# Windscreen Stain



## Fireball (Jul 16, 2009)

What can I do to prevent the water drips fron the roof of my MH staining the windscreen? They leave a white residue which is sometimes difficult to remove.


----------



## TheBoombas (Aug 23, 2006)

Hey Snap!!
I have the same problem, Took me ages to clean them off with glass cleaner

Boomba


----------



## wackywyco (Apr 30, 2007)

*Water Stains*

I got over the problem on my Pollensa -----------------I swapped it for an A class !!


----------



## EuropeanCampers (Mar 28, 2008)

A friend of mine asked about this. He had a fairly small milky white colour "stain" on the bottom of his windscreen. I hadnt a clue what it was.

So is it a water "stain" and will come off with the right product and technique?


----------



## ramblingon (Jul 15, 2009)

Cloudy milky opaque stain around the edge of the windscreen mean that water is getting into the laminated glass edge- had the windscreen man explain that one to me.


----------



## Rainbow-Chasers (Sep 2, 2008)

I think they mean the drips from the luton as apposed to delamination of the screen.

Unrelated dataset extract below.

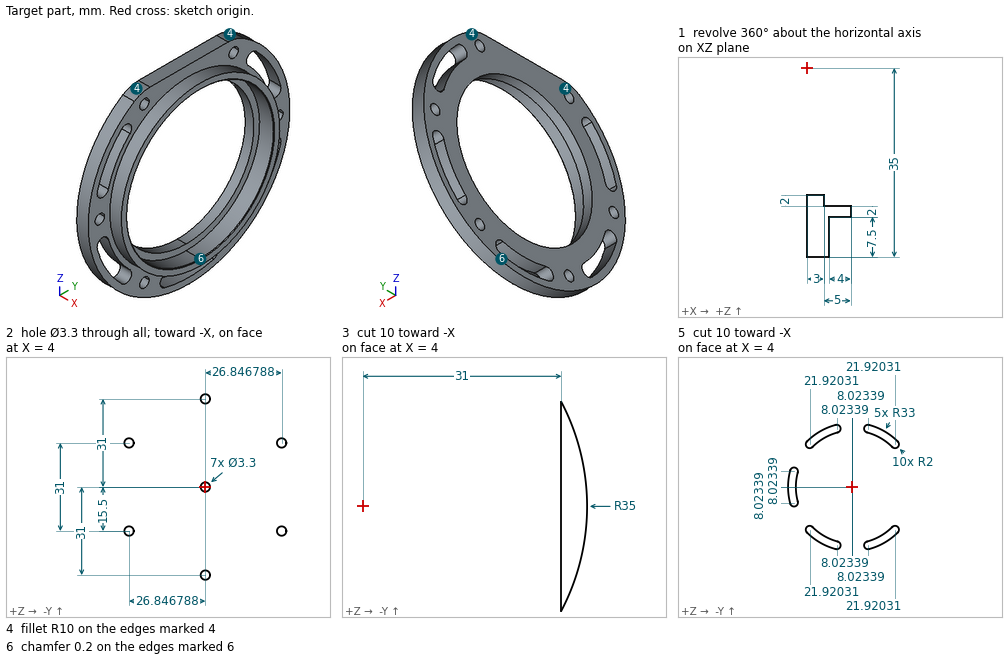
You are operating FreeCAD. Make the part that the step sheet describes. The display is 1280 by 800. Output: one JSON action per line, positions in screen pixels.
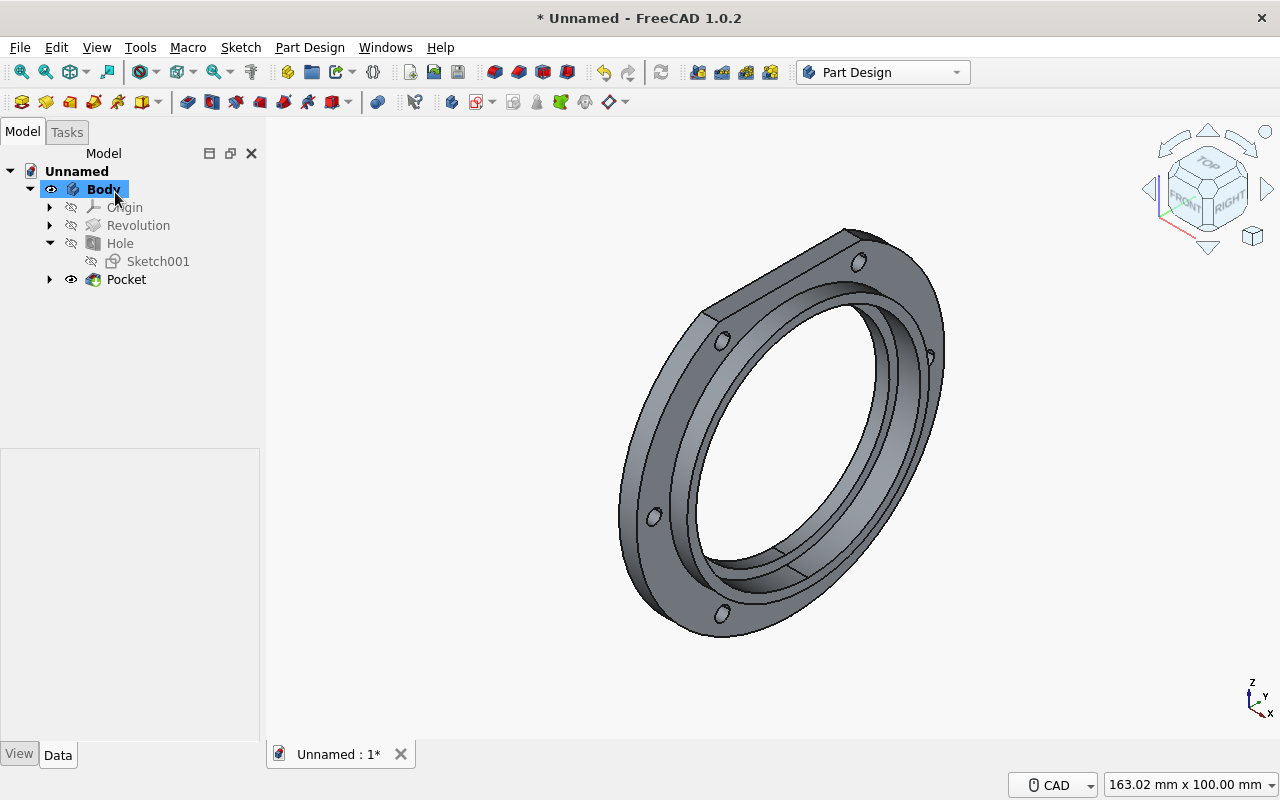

The drips from the luton roof, is do a degree, a fact of life. If they are very white, then the luton needs a good polish! This will halt the oxidisation of the gel coat, allow water to run off freely without gathering colouration from the gel coat.

Rain water also comntains contaminants which can colour the water, these being chalk, sand, salt some is geographical anomaly. By keeping the windscreen clean, and outside polish at least weekly will allow rainwater to be wiped with a chamois periodically which will stop the staining.

That is all you can really do! Keep the luton polished, keep the windscreen clean, and it will minimise any staining! You will see marks, but they will wipe off.


----------



## Jezport (Jun 19, 2008)

RainX is very good and makes wet weather driving a lot safer


----------